Retype the line in which "Horizontal FOV: 48.5°." appears, then every line after it until the records end. Leave out the pictures.
##############################
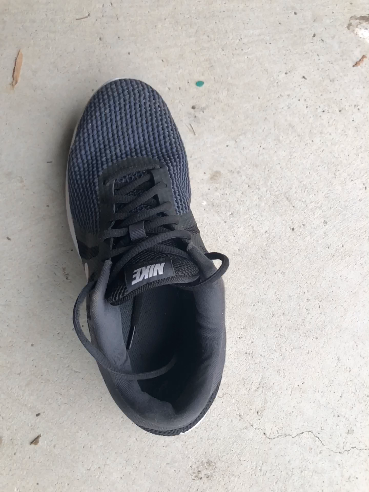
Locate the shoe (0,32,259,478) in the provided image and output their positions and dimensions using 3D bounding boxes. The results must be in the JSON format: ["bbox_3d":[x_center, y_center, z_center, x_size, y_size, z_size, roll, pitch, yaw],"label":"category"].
[{"bbox_3d":[-0.047,0.001,0.332,0.130,0.100,0.290,-12,83,-4],"label":"shoe"}]
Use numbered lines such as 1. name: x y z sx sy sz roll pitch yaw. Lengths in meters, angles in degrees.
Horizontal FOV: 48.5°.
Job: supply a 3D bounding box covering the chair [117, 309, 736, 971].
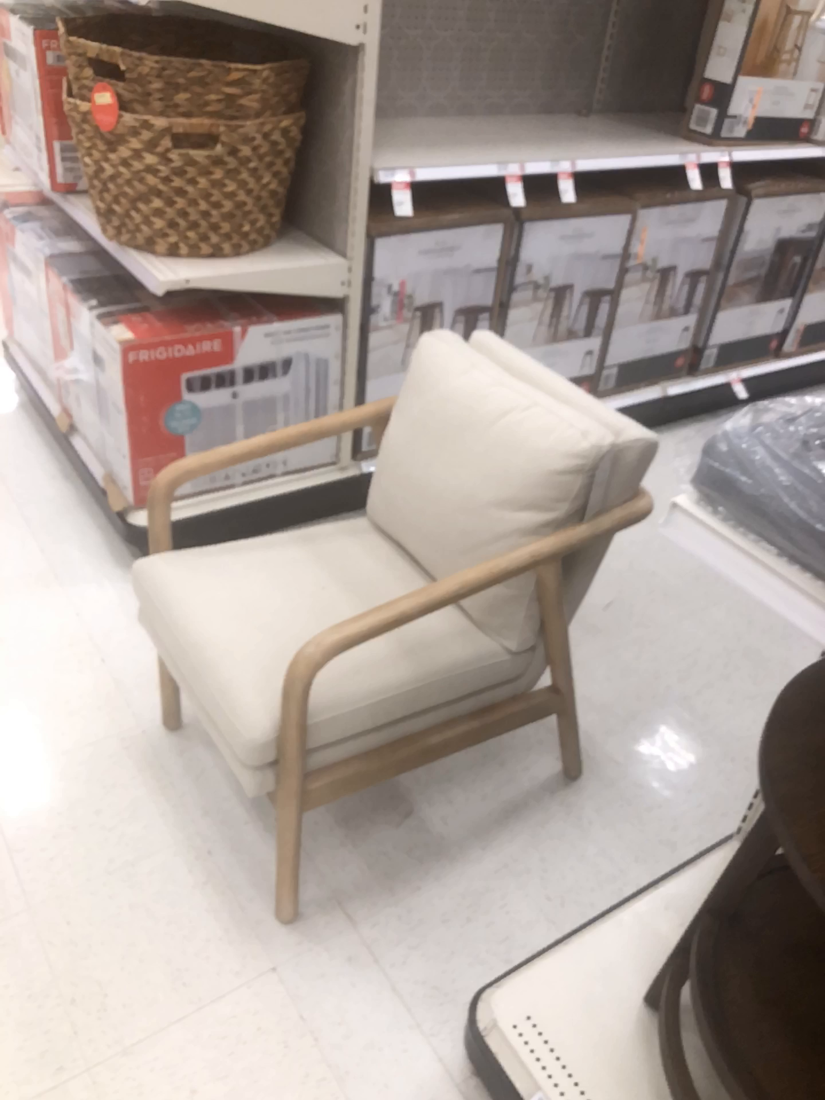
1. chair: -0.021 0.105 1.629 0.762 0.806 0.582 -16 40 -29
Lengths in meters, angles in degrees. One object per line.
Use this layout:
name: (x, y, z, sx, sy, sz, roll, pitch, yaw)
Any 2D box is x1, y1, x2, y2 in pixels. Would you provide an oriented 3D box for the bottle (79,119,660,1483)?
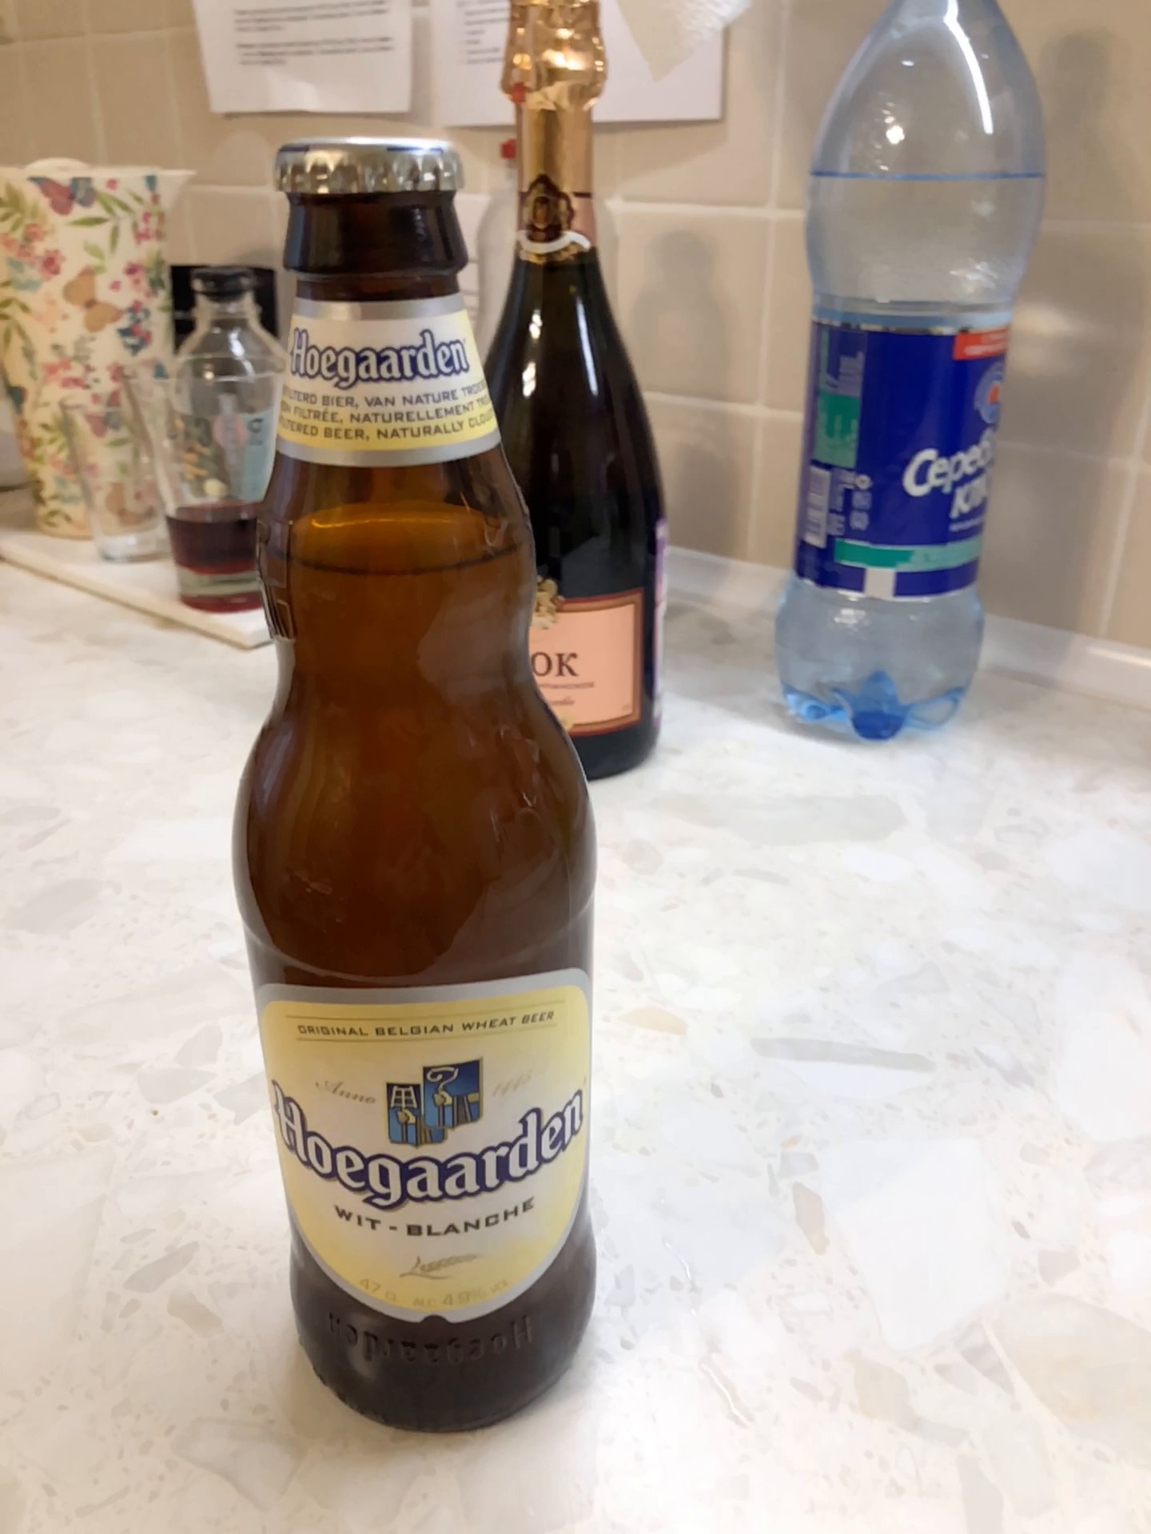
bottle: (-0.026, 0.016, 0.244, 0.070, 0.248, 0.081, 0, 26, -1)
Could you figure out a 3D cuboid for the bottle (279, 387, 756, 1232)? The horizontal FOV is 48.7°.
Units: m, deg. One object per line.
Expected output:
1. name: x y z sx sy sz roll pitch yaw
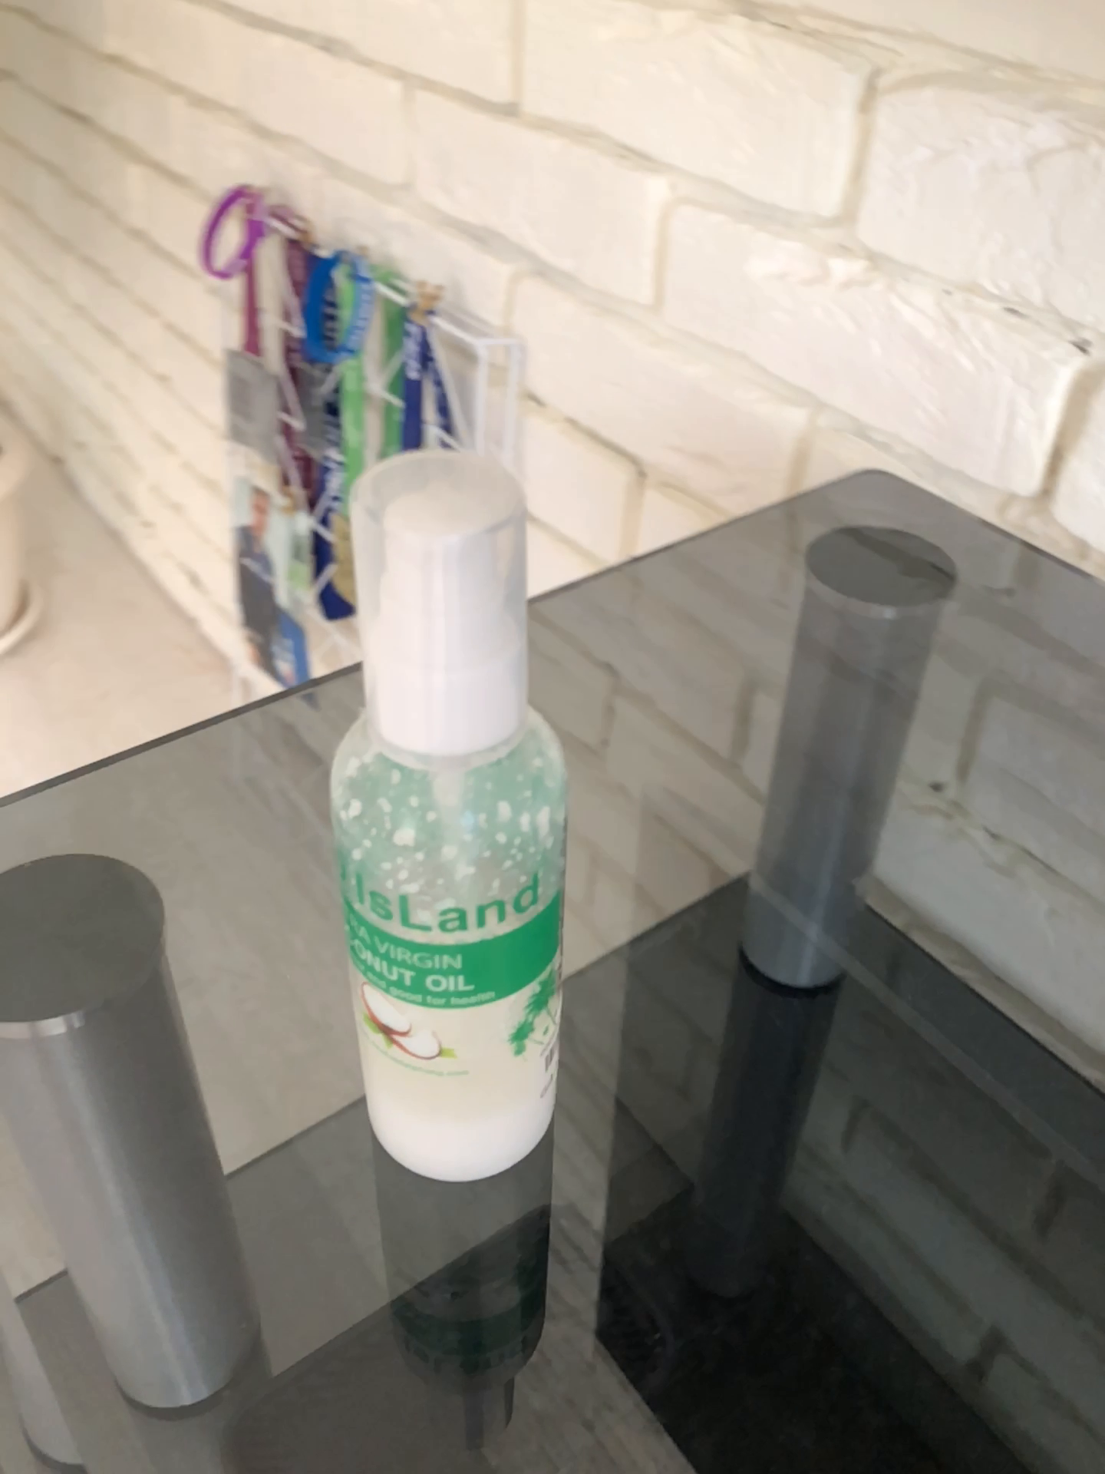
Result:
##############################
▶ **Answer to this task**
Horizontal FOV: 48.5°.
Job: supply a 3D bounding box covering the chair [117, 309, 736, 971].
1. chair: -0.021 0.105 1.629 0.762 0.806 0.582 -16 40 -29
Lengths in meters, angles in degrees. One object per line.
Use this layout:
name: (x, y, z, sx, sy, sz, roll, pitch, yaw)
Any 2D box is x1, y1, x2, y2 in pixels. Would you provide an oriented 3D box for the bottle (79,119,660,1483)?
bottle: (-0.026, 0.016, 0.244, 0.070, 0.248, 0.081, 0, 26, -1)
Could you figure out a 3D cuboid for the bottle (279, 387, 756, 1232)? The horizontal FOV is 48.7°.
Units: m, deg. One object per line.
Expected output:
1. name: x y z sx sy sz roll pitch yaw
Result:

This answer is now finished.